M.S.: (Laughing) I hear many top managers telling me that women are more reliable than men. (Pause). It is not that women cannot achieve what they want to achieve in Russia; it is only that in Russia, less women than in Europe want to have a career. For example, here at the station we have had situations where very talented and promising women have decided to take a long break in their career because they have had babies.


J.N.:
Do you see yourself as a role model for other ambitious Russian women?

M.S.: I can’t talk about people I do not know; but I can say that many of my friends do not want to work such long hours as I do.


J.N.:
Let us talk about Russia Today. You have been quoted as saying that you did not want to move away from the programming format used, for example, by CNN, Euronews and BBC News. How, then, is Russia Today different from these other channels?

M.S.: It is not about format; it is about content. It is about looking at things from other perspectives.

We pay more attention to the regions in Russia, for example, which are not covered by the other channels. We don’t want to cover only what everybody else is covering. We do cover, obviously, for example, the death of Litvinenko, what we call the headlines; but at the same time we are always trying to find what nobody else is talking about. We want to go beyond that, deeper. We look at conflicts in Georgia, elections in Ukraine, something more detailed. We wouldn’t exist without the details; they are what make us different.


J.N.:
Why does Russia today need a Russia Today?

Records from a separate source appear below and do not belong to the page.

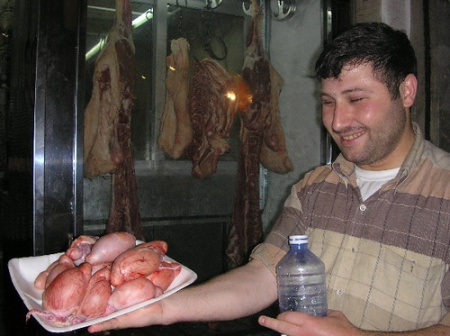How does the presentation of the meat reflect on the professional identity or pride of the individual shown? The man's joyful expression and the meticulous presentation of the meats on his plate and in the window display strongly reflect a sense of pride and professional identity. This pride likely stems from mastering the craft of butchery or the retail of high-quality meats. His casual yet neat attire and the deliberate placement of the meats to be visually appealing suggest that he is knowledgeable and passionate about his trade, aiming to attract and assure customers of the quality and care taken in his products. 
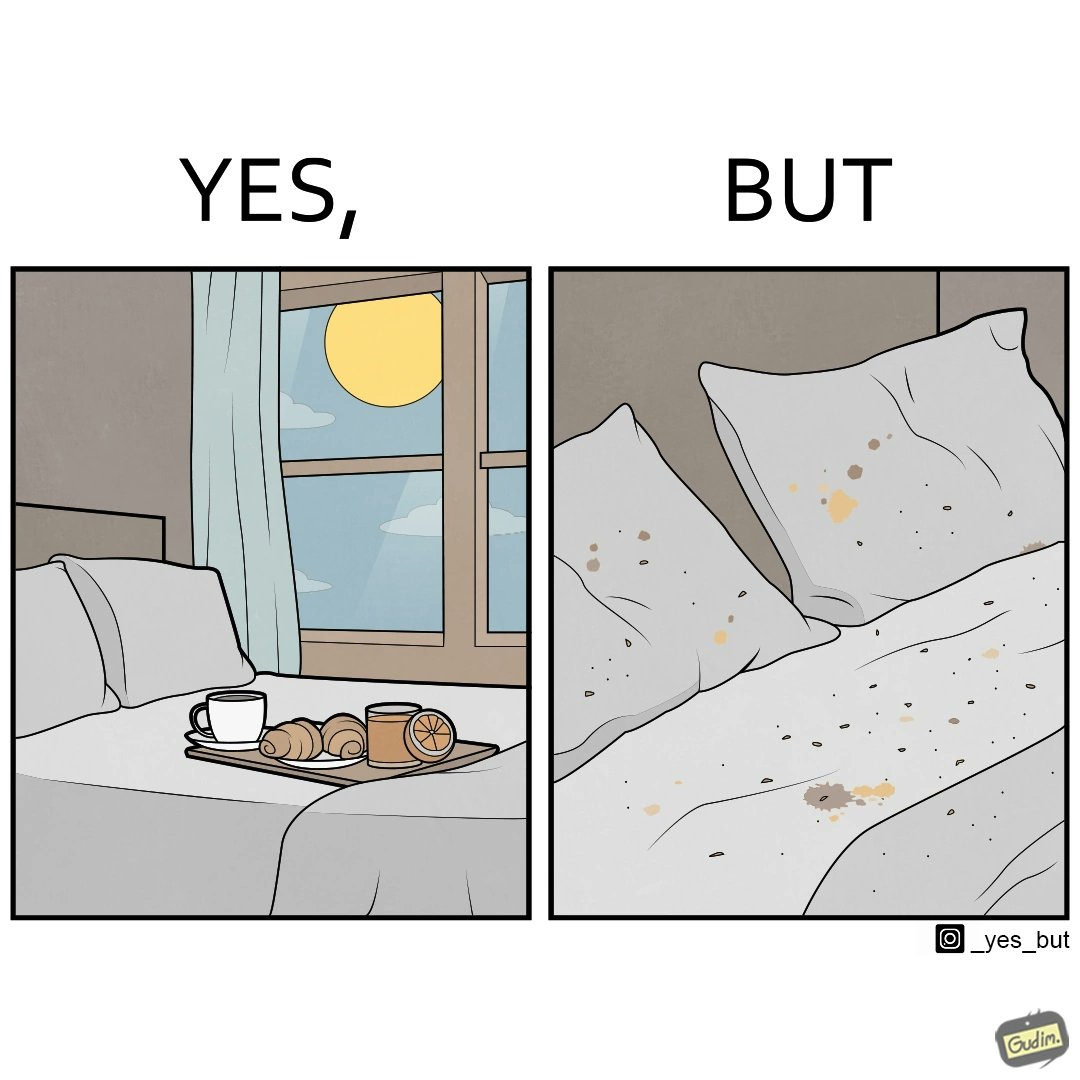Describe what you see in this image. The image is ironical, as having breakfast in bed is a luxury. However, eating while in bed leads to food crumbs, making the bed dirty, along with the need to clean the bed afterwards. 
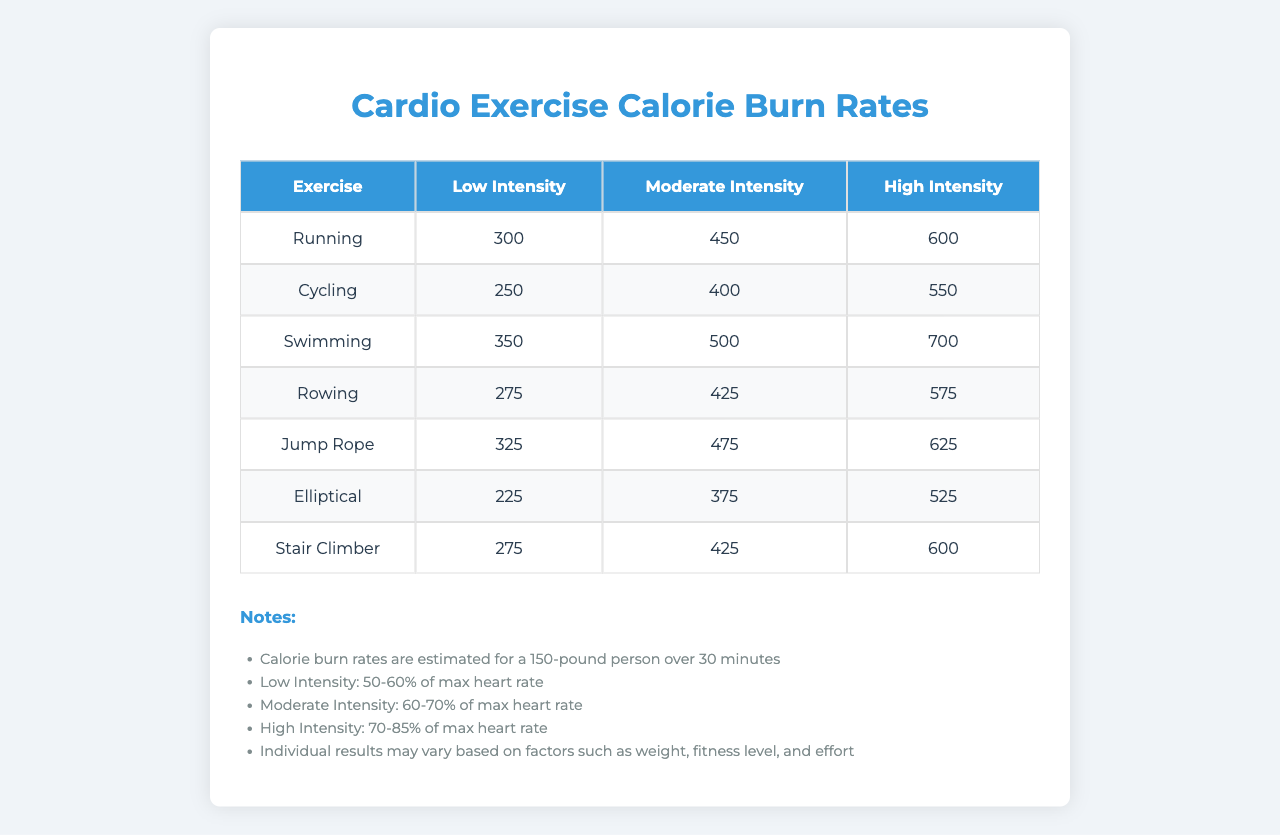What is the calorie burn rate for high-intensity running? The table shows that the calorie burn rate for high-intensity running is 600 calories.
Answer: 600 Which exercise has the highest calorie burn rate at low intensity? By comparing the low-intensity calories, swimming at 350 calories has the highest rate among the exercises listed.
Answer: 350 What is the average calorie burn rate for moderate intensity across all exercises? Adding the moderate intensity values: 450 (running) + 400 (cycling) + 500 (swimming) + 425 (rowing) + 475 (jump rope) + 375 (elliptical) + 425 (stair climber) = 3250. Dividing by 7 (the number of exercises), the average is 461.43.
Answer: 461.43 Which exercise has the lowest calorie burn rate in the moderate intensity category? Among the moderate intensity values, cycling has the lowest calorie burn rate at 400 calories.
Answer: 400 Is the calorie burn rate for rowing at high intensity higher than that for cycling at low intensity? The calorie burn rate for rowing at high intensity is 575 calories, while cycling at low intensity has a calorie burn rate of 250 calories. 575 > 250 means yes, it's higher.
Answer: Yes What is the difference in calorie burn rate between high intensity and low intensity for jump rope? The high intensity for jump rope is 625 calories and low intensity is 325 calories. The difference is 625 - 325 = 300.
Answer: 300 If a person chooses swimming at moderate intensity and running at low intensity, how many calories will they burn in total? The calorie burn for swimming at moderate intensity is 500 calories and for running at low intensity, it is 300 calories. Adding these gives 500 + 300 = 800 calories.
Answer: 800 Which cardio exercise burned 575 calories at high intensity? The high-intensity calorie burn rate for rowing matches 575 calories.
Answer: Rowing How many calories does the elliptical machine burn at moderate intensity? According to the table, the elliptical machine burns 375 calories at moderate intensity.
Answer: 375 Is it true that cycling has a higher calorie burn rate at high intensity than rowing at moderate intensity? The high intensity for cycling is 550 calories, and for rowing at moderate intensity, it is 425 calories. Since 550 > 425, this statement is true.
Answer: True

M.S.: Well, because until recently Russia did not have a way of speaking to the world. Russia needs a visual voice. Take, for example, a person who is interested in Russia, but doesn’t speak Russian, he could not know what is happening in Russia, which is not right. France has France 24, the Arab world has Al Jazeerah; now Russia has Russia Today. We want our audience to trust us, to believe that what they are seeing is what we have seen with our own eyes. The image that we broadcast is not coming from something we have read or copied, but is based upon what we have seen, or experienced. We are looking through native Russian eyes, and speaking what we see.


J.N.:
You have been quoted as saying that you are not translating Russian news into English, but that you are writing and broadcasting in English as a first language. Can you please explain what you mean by this?

M.S.: We hold meetings in English here at the station; we run the station in English; the cameramen and technicians are speaking to presenters in English. In other departments, for example the legal department, we are working in Russian. As far as Russia Today as a channel is concerned, we don’t merely polish to a high gloss, or mirror and report second-hand information; we explain what is happening in Russia because we want our audience to understand. We cannot expect our audience to know about Russia a priori as a native Russian; we have to always ask ourselves how much information our audience might have already, before we begin; but at the same time we are not going to explain about Ivan the Terrible. We expect that our audience switches on because they already have an interest. That said, we are learning about our audience. Russian TV channels are only broadcasting for Russia’s. They know their audience. As yet, we do not know our audience, when it is coming from all over the world; say from Iowa, or Japan, but we will.


J.N.:
You said also in a recent interview that, “we are not translating Dostoevsky.” what did you mean?

M.S.: We are not translating words, we are translating a country.


J.N.:
Do you think of your job as being in any way political?

M.S.: Let me think about it. No. And I wouldn’t like us to be political; we want to stick to pure journalism. But it is easy to be tricked into politics nowadays by a slick PR campaign which you can mistake for the truth. We have to be careful as a channel.